The only reason I stopped using gentoo is that my linux machines are getting a bit old and compiles were quite slow. I use debian or ubuntu for most of my machines, because I like apt and binaries work just fine for most uses. That being said, Gentoo is still a very nice distro, and I hope it remains 'tedious', I enjoyed installing Gentoo and setting things up exactly the way I want them to be. Most distros will install a pile of crap you don't need, which is great if you have no idea what you are doing. But if you've been using linux for years and are familiar with all the common applications, you'll know what you want and what you don't want. It's that simple. If you don't like gentoo's install method, use something else.

well, i'm done ranting :). now mod me down for posting AC (I don't have an account, I could make one I guess, but .. meh) or whatever.

Re:Gentoo isn't a newbie distro, get over it (1)

zoftie (195518) | more than 8 years ago | (#16140541)

if you have common netcard and dhcp you can switch to a different terminal and browse net while compilation grinds on. options!
2c.

Gentoo is not easy... (3, Interesting)

zoftie (195518) | more than 8 years ago | (#16140463)

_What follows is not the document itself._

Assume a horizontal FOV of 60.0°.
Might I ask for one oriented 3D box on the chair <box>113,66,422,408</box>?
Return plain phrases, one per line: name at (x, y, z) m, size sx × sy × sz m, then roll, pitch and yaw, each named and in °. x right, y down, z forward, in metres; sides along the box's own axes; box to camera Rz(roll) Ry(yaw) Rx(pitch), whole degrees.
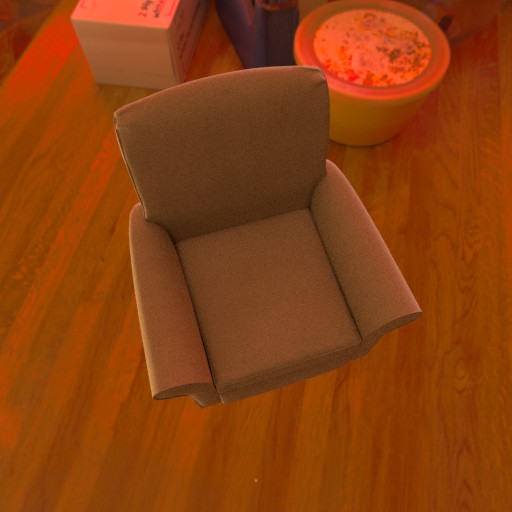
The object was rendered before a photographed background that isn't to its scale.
chair at (0.000, 0.000, 1.762) m, size 0.978 × 1.061 × 0.905 m, roll -15°, pitch 64°, yaw -8°

Gentoo provides a useful way for linux powerusers to configure their packages without lowering themselves to level of downloading and matching up source tar balls, and compiling them in the right order. Process of package building and installation is flexible and anyone with mediocre shell scripting ability can do great things with gentoo. Gentoo after all is very personal distro. Everything you have installed on your computer is going to be be fit exactly the way you like it to be.

Clearly they guy doesn't have the true grit to do gentoo. Gentoo is *NOT* rolling your own distro. Have you ever tried compiling mplayer with all these extensions and libraries? You do need to know your own stuff, but you don't need to get mired down in downloading your own packages and matching them up and compiling them in the right order with right compiler, and have the right kernel branch with proper patchset.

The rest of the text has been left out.